The first affidavit, filed in July 2002, documents the assiduous attempts by the State Intelligence Bureau to warn of the consequences of the rabid communal mobilisation undertaken by cadres of the BJP, RSS, VHP and Bajrang Dal on their way to Ayodhya

Sreekumar’s four magnum affidavits represent the persistent efforts of a police officer to document the dark reality behind the violence of 2002 and its aftermath. They reveal the role of intelligence agencies in the build-up to the Godhra incident and the genocide of 2002, and the response of the political class, policemen and bureaucrats. If his personal register is a gripping narrative of the Gujarat administration’s barefaced acts of collusion and subversion, his affidavits are substantive revelations of official records of the time.

But Sreekumar’s tireless efforts to expose the truth, his courage, came at a price. His affidavits before the commission not only cost him an important promotion, he was and continues to be hounded and harassed by a vindictive administration. Even so, the Nanavati-Shah Commission has not intervened with any orders that could protect this officer from persistent onslaught. Sreekumar has only suffered for telling the truth before this public body, for upholding Section 6 of the Commissions of Inquiry Act. In light of this, the commission’s silence on the issue is particularly telling and raises serious doubts about the enquiry’s eventual outcome.

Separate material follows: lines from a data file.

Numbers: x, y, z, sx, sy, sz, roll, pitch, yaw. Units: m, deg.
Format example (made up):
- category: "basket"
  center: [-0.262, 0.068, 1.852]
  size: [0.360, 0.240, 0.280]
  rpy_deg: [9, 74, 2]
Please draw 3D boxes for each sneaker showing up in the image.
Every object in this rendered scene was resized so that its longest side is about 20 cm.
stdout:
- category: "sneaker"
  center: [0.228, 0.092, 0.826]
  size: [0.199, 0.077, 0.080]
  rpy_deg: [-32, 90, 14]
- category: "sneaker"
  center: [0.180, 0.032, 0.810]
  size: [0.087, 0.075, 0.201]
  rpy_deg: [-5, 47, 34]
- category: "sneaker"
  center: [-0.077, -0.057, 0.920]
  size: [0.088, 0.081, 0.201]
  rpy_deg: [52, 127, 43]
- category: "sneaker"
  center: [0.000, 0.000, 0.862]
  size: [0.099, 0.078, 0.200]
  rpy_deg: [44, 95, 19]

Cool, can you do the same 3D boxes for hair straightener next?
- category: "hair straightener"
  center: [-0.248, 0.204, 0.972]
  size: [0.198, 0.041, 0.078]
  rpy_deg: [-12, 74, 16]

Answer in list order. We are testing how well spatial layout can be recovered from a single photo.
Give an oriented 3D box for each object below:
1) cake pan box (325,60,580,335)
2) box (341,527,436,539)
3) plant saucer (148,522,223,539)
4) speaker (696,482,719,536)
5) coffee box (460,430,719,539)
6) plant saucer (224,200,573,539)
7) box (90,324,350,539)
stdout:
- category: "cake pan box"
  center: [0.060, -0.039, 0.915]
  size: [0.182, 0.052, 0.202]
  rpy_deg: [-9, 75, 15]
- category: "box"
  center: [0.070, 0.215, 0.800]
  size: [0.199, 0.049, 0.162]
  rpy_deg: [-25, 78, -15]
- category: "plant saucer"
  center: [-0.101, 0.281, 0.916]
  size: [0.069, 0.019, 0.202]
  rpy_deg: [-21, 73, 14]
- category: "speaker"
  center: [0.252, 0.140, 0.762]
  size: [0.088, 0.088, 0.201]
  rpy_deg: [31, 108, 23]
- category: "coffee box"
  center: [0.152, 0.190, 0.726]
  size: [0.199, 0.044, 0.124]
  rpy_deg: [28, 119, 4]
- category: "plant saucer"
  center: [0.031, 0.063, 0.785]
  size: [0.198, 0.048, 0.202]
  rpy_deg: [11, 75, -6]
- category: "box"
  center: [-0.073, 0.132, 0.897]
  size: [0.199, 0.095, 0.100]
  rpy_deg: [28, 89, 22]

Role of state intelligence

The four affidavits filed by RB Sreekumar before the Nanavati-Shah Commission between 2002 and 2005 record startling details of sheer brazenness and collusion. The first affidavit, filed in July 2002, documents the assiduous attempts by the State Intelligence Bureau (SIB) to warn of the consequences of the rabid communal mobilisation undertaken by cadres of the BJP, RSS, VHP and Bajrang Dal on their way to Ayodhya. Sreekumar has stated that the SIB issued regular warnings about the likely threats to public peace that could be expected because of unruly mobilisation by communal outfits. It was the executive wing of the police – influenced no doubt by Modi, key cabinet colleagues and the top echelons of the Indian Administrative Service (IAS), including the chief secretary, G. Subbarao, and the principal secretary to the chief minister, PK Mishra – who simply did not translate these into strict directives for preventive action. The then DGP, K. Chakravarti issued no special instructions for the maintenance of law and order and no strict instructions on how mobs should be dealt with.

The affidavit also records a significant aspect of the post-Godhra genocidal violence in Ahmedabad, one of the areas worst affected by the violence. The attacks in Ahmedabad did not take place in communally sensitive areas and ghettos but in areas where minority communities live(d) in isolation surrounded by Hindus.

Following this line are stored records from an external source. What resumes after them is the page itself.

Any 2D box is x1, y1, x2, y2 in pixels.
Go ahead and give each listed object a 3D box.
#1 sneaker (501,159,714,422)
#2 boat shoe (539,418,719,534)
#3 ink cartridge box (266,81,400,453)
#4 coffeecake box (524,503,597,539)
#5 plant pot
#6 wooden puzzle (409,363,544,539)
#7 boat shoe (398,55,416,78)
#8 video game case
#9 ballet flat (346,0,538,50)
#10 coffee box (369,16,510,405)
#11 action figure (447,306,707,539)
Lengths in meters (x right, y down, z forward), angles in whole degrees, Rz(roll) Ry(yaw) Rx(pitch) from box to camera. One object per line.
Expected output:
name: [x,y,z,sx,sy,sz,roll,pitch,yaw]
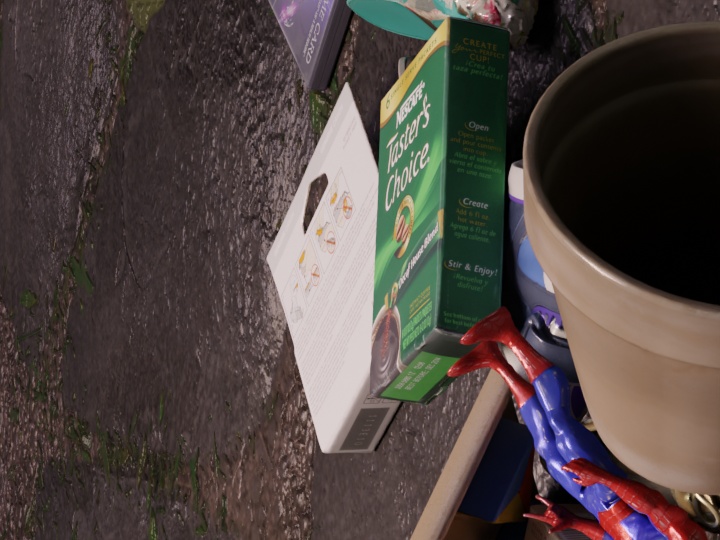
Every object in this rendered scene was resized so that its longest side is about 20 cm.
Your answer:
sneaker: [0.139,0.024,1.432,0.200,0.080,0.147,-152,59,-62]
boat shoe: [0.167,0.103,1.376,0.200,0.063,0.074,-175,86,-66]
ink cartridge box: [0.000,0.000,1.785,0.200,0.043,0.174,117,146,-46]
coffeecake box: [0.136,0.253,1.431,0.154,0.073,0.201,-132,47,-58]
plant pot: [0.175,0.008,1.243,0.174,0.199,0.201,89,164,-46]
wooden puzzle: [0.065,0.176,1.471,0.200,0.046,0.186,78,-145,-58]
boat shoe: [0.068,-0.056,1.632,0.067,0.057,0.201,61,-165,-56]
video game case: [-0.042,-0.251,1.915,0.201,0.019,0.143,-115,34,-43]
ballet flat: [0.059,-0.177,1.642,0.064,0.075,0.200,-58,29,-6]
coffee box: [0.045,-0.034,1.523,0.123,0.044,0.201,133,144,-62]
action figure: [0.122,0.112,1.360,0.200,0.052,0.066,47,150,15]

In para 17 of his first affidavit, Sreekumar states that as far back as February 13, 2002, in response to a message received from the inspector general (IG) (CI) of the UP intelligence department in Lucknow, the SIB in Gujarat requested the superintendents of police from all districts and commissioners of police from all cities and towns in Gujarat to: "inform the SP, Faizabad, about the movement of kar sevaks from their respective jurisdictions. Following this missive (the) SP, Western Railways, Baroda had informed (the) IGP (communal intelligence), UP, Lucknow, through his fax message…dated February 16, 2002 that Prahlad J. Patel, president of Bajrang Dal, Mehsana, would be leading a group of 150-200 Bajrang Dal activists of Mehsana for the Ayodhya Maha Yagna by 9165 DN Sabarmati Express on February 22, 2002. It was also mentioned in the said fax message that the Bajrang Dal activists travelling to Ayodhya would be carrying trishuls with them. Similarly, SP, Mehsana, also sent a…message to IGP (communal intelligence), intelligence department, Lucknow, UP…dated February 19, 2002, stating, among other things, that a group of 150 Ram bhakts armed with trishuls would be leaving Ahmedabad by train for Ayodhya on February 22, 2002 under the leadership of Prahlad Jayantibhai Patel, president, Bajrang Dal, Mehsana and would be arriving at Ayodhya on February 24, 2002."

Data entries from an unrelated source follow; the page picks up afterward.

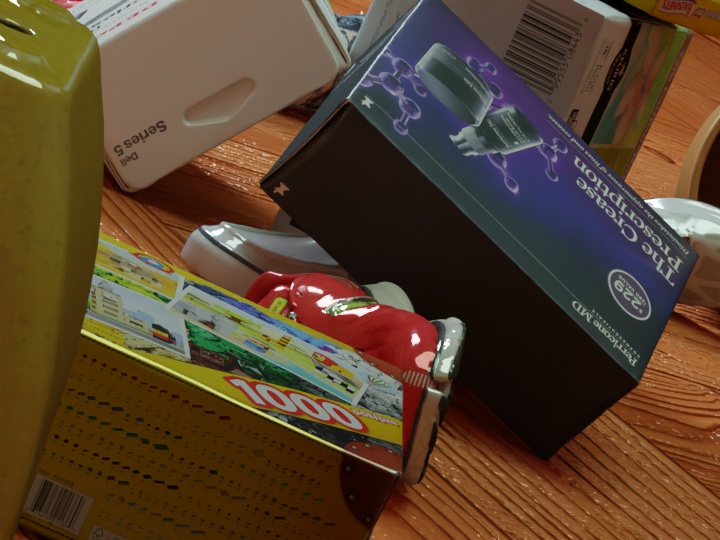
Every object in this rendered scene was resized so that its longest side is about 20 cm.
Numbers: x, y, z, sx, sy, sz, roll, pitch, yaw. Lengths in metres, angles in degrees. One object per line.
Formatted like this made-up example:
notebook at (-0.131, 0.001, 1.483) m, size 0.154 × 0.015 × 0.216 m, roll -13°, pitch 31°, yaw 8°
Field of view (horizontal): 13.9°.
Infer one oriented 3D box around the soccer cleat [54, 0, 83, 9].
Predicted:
soccer cleat at (-0.195, -0.178, 1.872) m, size 0.068 × 0.073 × 0.200 m, roll 17°, pitch 14°, yaw -35°

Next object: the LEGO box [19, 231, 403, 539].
LEGO box at (-0.088, 0.047, 1.090) m, size 0.199 × 0.077 × 0.149 m, roll 25°, pitch 12°, yaw -5°

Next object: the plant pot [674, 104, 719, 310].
plant pot at (0.308, -0.044, 2.112) m, size 0.199 × 0.201 × 0.140 m, roll 23°, pitch -5°, yaw -12°

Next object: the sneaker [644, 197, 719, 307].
sneaker at (0.176, -0.010, 1.968) m, size 0.200 × 0.076 × 0.115 m, roll 19°, pitch 20°, yaw 5°

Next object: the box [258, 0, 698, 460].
box at (0.063, -0.025, 1.484) m, size 0.200 × 0.079 × 0.141 m, roll 44°, pitch 36°, yaw -7°

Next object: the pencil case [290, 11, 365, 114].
pencil case at (-0.069, -0.165, 2.065) m, size 0.199 × 0.078 × 0.090 m, roll 17°, pitch 35°, yaw -37°

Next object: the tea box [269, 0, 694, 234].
tea box at (0.073, -0.081, 1.696) m, size 0.133 × 0.201 × 0.197 m, roll 28°, pitch 12°, yaw 17°

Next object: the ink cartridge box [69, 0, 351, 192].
ink cartridge box at (-0.091, -0.132, 1.677) m, size 0.084 × 0.145 × 0.200 m, roll 59°, pitch 3°, yaw -14°

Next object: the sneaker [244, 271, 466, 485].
sneaker at (-0.011, 0.042, 1.322) m, size 0.085 × 0.077 × 0.200 m, roll 16°, pitch 3°, yaw -17°

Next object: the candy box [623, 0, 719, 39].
candy box at (0.118, -0.188, 1.697) m, size 0.200 × 0.027 × 0.102 m, roll 31°, pitch 15°, yaw 33°

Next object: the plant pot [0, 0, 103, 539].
plant pot at (-0.164, 0.005, 0.808) m, size 0.195 × 0.201 × 0.194 m, roll 25°, pitch 11°, yaw -6°

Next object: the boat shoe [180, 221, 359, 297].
boat shoe at (0.000, 0.000, 1.517) m, size 0.199 × 0.066 × 0.074 m, roll 17°, pitch 14°, yaw -36°
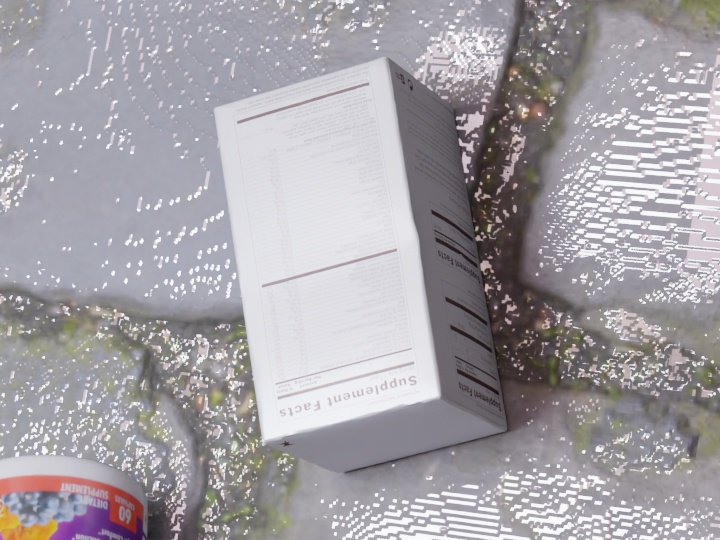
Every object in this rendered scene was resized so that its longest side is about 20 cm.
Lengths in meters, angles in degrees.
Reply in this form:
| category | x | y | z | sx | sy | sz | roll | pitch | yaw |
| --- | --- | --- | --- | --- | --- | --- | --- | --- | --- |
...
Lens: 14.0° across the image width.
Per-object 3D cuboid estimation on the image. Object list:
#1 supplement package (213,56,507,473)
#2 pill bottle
| category | x | y | z | sx | sy | sz | roll | pitch | yaw |
| --- | --- | --- | --- | --- | --- | --- | --- | --- | --- |
| supplement package | 0.000 | 0.000 | 1.663 | 0.113 | 0.110 | 0.201 | -15 | 72 | 20 |
| pill bottle | -0.179 | 0.215 | 1.667 | 0.111 | 0.111 | 0.200 | -12 | 60 | 21 |
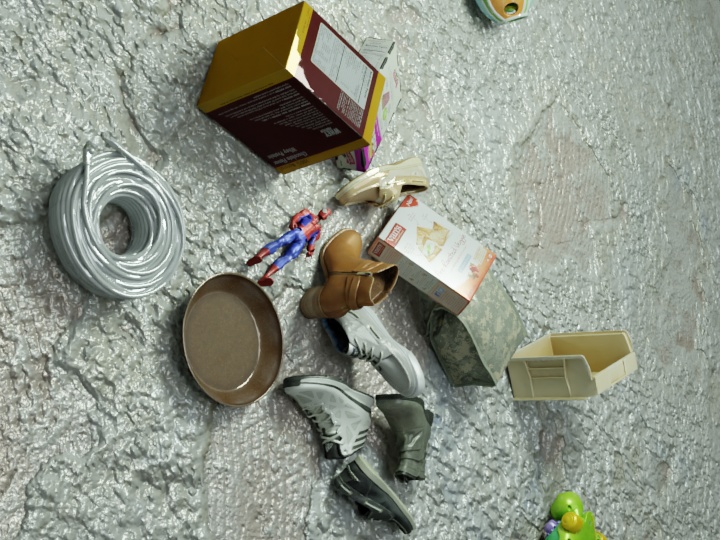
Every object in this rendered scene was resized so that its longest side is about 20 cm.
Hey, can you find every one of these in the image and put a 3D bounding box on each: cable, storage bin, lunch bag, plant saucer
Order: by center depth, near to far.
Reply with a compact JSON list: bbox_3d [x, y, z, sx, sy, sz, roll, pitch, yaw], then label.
[{"bbox_3d":[-0.329,-0.059,1.427,0.200,0.069,0.200,36,57,-40],"label":"cable"},{"bbox_3d":[-0.196,0.104,1.567,0.200,0.037,0.201,14,71,-46],"label":"plant saucer"},{"bbox_3d":[0.207,0.095,1.974,0.164,0.117,0.200,-51,124,-41],"label":"lunch bag"},{"bbox_3d":[0.432,0.193,2.151,0.200,0.198,0.094,-18,98,-50],"label":"storage bin"}]

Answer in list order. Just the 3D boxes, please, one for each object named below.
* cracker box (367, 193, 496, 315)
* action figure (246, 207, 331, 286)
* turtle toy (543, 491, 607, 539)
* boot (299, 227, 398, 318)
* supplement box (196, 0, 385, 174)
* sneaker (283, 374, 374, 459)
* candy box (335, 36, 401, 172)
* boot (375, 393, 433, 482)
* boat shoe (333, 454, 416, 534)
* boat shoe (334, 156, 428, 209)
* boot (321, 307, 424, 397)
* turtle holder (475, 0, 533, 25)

It was some of these kar sevaks who, on their return journey from Ayodhya, became victims of the Godhra arson incident on February 27, 2002, and this has also been mentioned in the affidavit.

Failure of central intelligence

Sreekumar’s first affidavit also records the utter failure of both the UP state intelligence department and the central Intelligence Bureau (IB) to forewarn local authorities about the kar sevaks’ movements. In para 18, Sreekumar states that: "It is pertinent to note that there was no intimation from (the) intelligence branch of UP police or central Intelligence Bureau, which has an extensive nationwide network to collect intelligence on developments relevant to internal security, about the return journey of these ram sevaks who had gone to Ayodhya." (It is perhaps significant to note that during this period, while the BJP-led NDA coalition ruled at the Centre, in UP it was Rajnath Singh’s BJP government that was in power until March 8, 2002, following which president’s rule was imposed in the state.)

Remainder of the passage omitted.